La mayoría de las encuestas fiables reflejan una ventaja nítida de la oposición. Sin embargo, no hay que subestimar el arraigo del movimiento bolivariano, la fidelidad de amplios sectores sociales beneficiarios de ayudas y subsidios y los posibles efectos electorales de la mejora económica experimentada en los últimos años. La plana mayor del Gobierno se niega a contemplar públicamente un posible escenario de derrota, aunque algunos cargos, como el propio hijo de Nicolás Maduro, afirman que estarían dispuestos a entregar el mando. El clima es de máxima tensión y el presidente ha dado muestras de nerviosismo en los últimos días ante los emplazamientos, desde la izquierda, del brasileño Lula da Silva y del expresidente argentino Alberto Fernández. Los dos le dejaron claro justo eso: que en caso de perder debe aceptar el resultado. Su respuesta fue retirar la invitación a Fernández como observador.

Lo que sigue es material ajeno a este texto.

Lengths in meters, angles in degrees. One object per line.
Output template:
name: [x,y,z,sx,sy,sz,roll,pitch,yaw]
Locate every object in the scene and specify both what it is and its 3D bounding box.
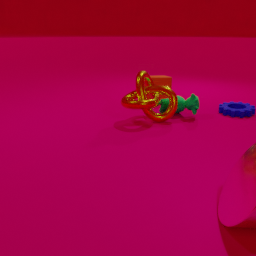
gear: [3.832,-0.665,9.878,1.200,0.222,1.200,-2,22,1]
cone: [2.426,1.154,4.205,1.500,1.494,1.494,29,24,3]
cow figurine: [1.735,-0.776,9.445,1.278,0.701,1.257,-10,10,-13]
cube: [1.176,-1.624,11.398,0.945,0.945,0.945,-3,15,-11]
knot shape: [0.779,-0.915,8.905,1.672,0.826,1.787,31,51,1]

El chavismo teme una participación masiva y hará lo posible para impedirla, igual que hizo para torpedear el derecho a voto de millones de migrantes: solo pudieron registrarse 69.000 de los aproximadamente cinco millones con derecho a voto, según la ONU. Pero si todas las voces democráticas, dentro y fuera de Venezuela, exigen a Maduro que se vaya si pierde, también la oposición debe estar dispuesta a aceptar cualquier resultado, siempre que no se demuestren irregularidades en el proceso de votación.
Hay un precedente importante. En 2015, el Gobierno de Maduro reconoció la derrota en unas elecciones parlamentarias, aunque dos años después la justicia controlada por el oficialismo despojó a la Asamblea Nacional de sus competencias. En este caso la ecuación es todavía más compleja, porque a un triunfo de la oposición le seguiría una larga y difícil transición, cinco meses llenos de incógnitas sobre el futuro del presidente y de su círculo, que afrontan procesos enel Tribunal Penal Internacional. Pero la alternancia es la esencia de un sistema democrático. Los ojos del mundo están puestos sobre Venezuela.